INDUSTRIAL APPLICABILITY

This invention is useful in the cast lining process.

Claims

We claim:

1. An apparatus useful in a cast lining process in which a casting space is formed between an inner wall of a vessel and a mandrel positioned within said vessel, said apparatus comprising

a belt conveyor arranged above said casting space to drop off a castable into said casting space, said belt conveyor being rotatable and riding on and supported by wheels in a wheel/track assembly and thereby being horizontally movable, and said belt conveyor having guide means for causing a feed end of said belt conveyor to be horizontally adjusted so as follow the cross-sectional contour of said vessel and thereby be positioned so as to drop off said castable into said casting space.

2. The apparatus of claim 1, wherein said mandrel is formed of vertical sections, two of which are trapezoidally shaped and adapted for horizontal movement to expand and contract said mandrel.

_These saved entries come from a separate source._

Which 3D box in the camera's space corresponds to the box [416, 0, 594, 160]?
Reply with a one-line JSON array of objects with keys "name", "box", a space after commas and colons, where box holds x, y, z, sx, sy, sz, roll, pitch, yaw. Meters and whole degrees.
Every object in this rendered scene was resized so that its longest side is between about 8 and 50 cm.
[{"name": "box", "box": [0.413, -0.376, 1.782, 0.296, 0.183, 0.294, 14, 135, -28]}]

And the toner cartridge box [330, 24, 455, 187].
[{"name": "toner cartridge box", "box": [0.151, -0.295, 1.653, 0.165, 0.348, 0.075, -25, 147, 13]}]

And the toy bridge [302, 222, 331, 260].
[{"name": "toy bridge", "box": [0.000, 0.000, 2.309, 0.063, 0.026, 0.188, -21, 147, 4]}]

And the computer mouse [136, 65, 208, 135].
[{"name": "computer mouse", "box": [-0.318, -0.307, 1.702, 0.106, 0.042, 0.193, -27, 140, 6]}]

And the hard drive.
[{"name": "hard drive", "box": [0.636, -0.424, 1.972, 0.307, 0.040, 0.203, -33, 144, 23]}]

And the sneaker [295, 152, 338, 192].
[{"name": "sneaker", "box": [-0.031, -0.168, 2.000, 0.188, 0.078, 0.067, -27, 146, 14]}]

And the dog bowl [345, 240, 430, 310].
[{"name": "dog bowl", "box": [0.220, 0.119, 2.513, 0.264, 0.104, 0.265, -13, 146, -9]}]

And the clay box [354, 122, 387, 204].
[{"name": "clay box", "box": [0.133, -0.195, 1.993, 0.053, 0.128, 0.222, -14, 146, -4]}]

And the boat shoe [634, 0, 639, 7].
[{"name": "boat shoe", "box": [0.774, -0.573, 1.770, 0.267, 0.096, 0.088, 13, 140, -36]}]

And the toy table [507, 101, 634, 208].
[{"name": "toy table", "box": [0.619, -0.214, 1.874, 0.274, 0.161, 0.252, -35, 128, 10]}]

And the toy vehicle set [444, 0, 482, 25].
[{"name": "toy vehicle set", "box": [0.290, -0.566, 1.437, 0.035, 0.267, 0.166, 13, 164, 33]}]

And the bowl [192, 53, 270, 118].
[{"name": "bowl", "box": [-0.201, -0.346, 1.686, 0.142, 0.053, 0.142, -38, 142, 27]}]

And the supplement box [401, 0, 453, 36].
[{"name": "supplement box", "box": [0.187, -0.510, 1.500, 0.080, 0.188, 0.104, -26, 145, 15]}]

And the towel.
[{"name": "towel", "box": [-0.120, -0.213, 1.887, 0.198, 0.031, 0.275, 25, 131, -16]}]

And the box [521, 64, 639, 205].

3. The apparatus of claim 2, wherein means for pushing said two trapezoidal sections away from each other or for pulling said two trapezoidal sections toward each other, is attached to each of, and bridges, said two trapezoidal sections, whereby said mandrel is caused to expand or contract.

4. The apparatus of claim 1, comprising vibrating means for vibrating said mandrel.

5. The apparatus of claim 1, wherein said guide means comprises a pair of wheels oriented horizontally and and spaced apart from each another to form a gap.

6. The apparatus of claim 5, wherein said guide means comprises a third wheel oriented vertically and arranged above said gap.

7. The apparatus of claim 6, wherein said guide means rolls around an inside circumferential wall of means for guiding said castable into said casting space.

8. The apparatus of claim 1, comprising means for ventilating gas from said casting space.